Written by Thomas Jefferson in 1787 to his nephew. Found here: http://www.laphamsquarterly.org/voices-in-time/stay-home-young-man.php
Tuesday, February 23, 2010
"Anyway, so the pilgrim learns how to pray the way these very mystical persons say you should -
- I mean, he keeps at it till he's perfected it and everything. Then he goes on walking all over Russia, meeting all kinds of absolutely marvellous people and telling them how to pray by this incredible method. I mean, that's really the whole book."
"I hate to mention it, but I'm going to reek of garlic," Lane said.

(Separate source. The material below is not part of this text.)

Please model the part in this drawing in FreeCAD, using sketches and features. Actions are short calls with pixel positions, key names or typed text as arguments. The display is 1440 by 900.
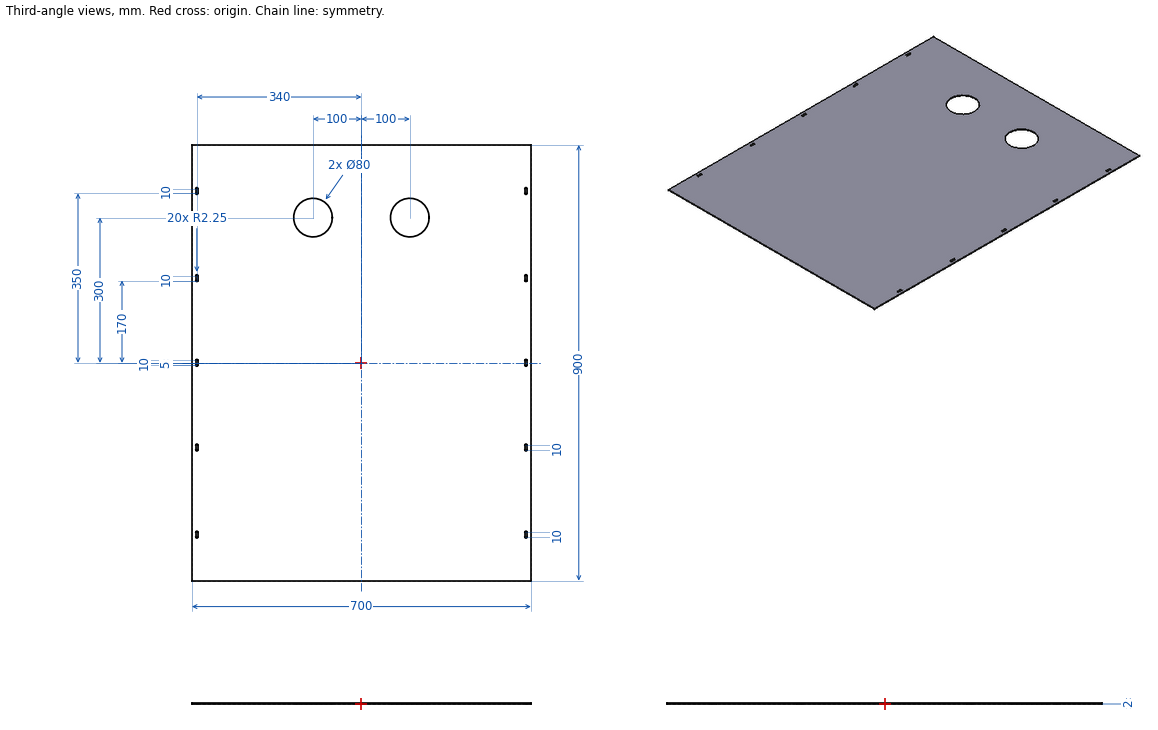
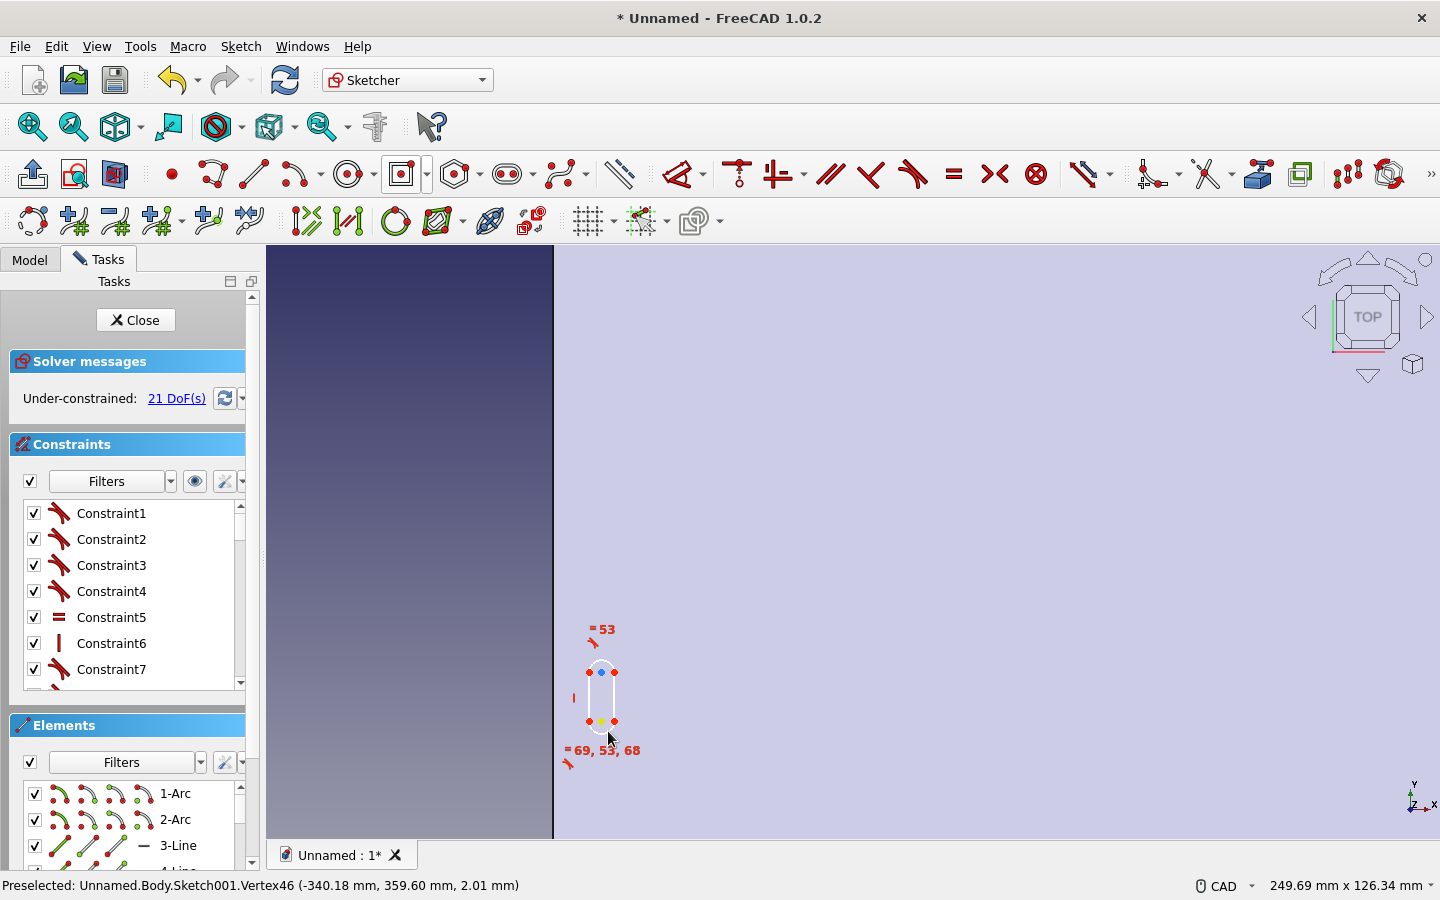
click(602, 721)

"He meets this one married couple, on one of his journeys, that I love more than anybody I ever read about in my entire life," Franny said. "He's walking down a road somewhere in the country, with his knapsack on his back, when these two tiny little children run after him shouting 'Dear little beggar! Dear little beggar! You must come home to Mummy. She likes beggars.' So he goes home with the children, and this really lovely person, the children's mother, comes out of the house all in a bustle and insists on helping him take off his dirty old boots and giving him a cup of tea. Then the father comes home, and apparently he loves beggars and pilgrims, too, and they all sit down to dinner. And while they're at dinner, the pilgrim wants to know who all the ladies are that are sitting around the table, and the husband tells him that they're all servants but that they always sit down to eat with him and his wife because they're sisters in Christ." Franny suddenly sat up a trifle straighter in her seat, self-consciously. "I mean I loved the pilgrim wanting to know who all the lades were." She watched Lane butter a piece of bread. "Anyway, after that, the pilgrim stays overnight, and he and the husband sit up till late talking about this method of praying without ceasing. The pilgrim tells him how to do it. Then he leaves in the morning and starts out on some more adventures."
From Franny and Zooey by J.D. Salinger, which I read for the first time today. I liked it very much, and not at all just for the passage above.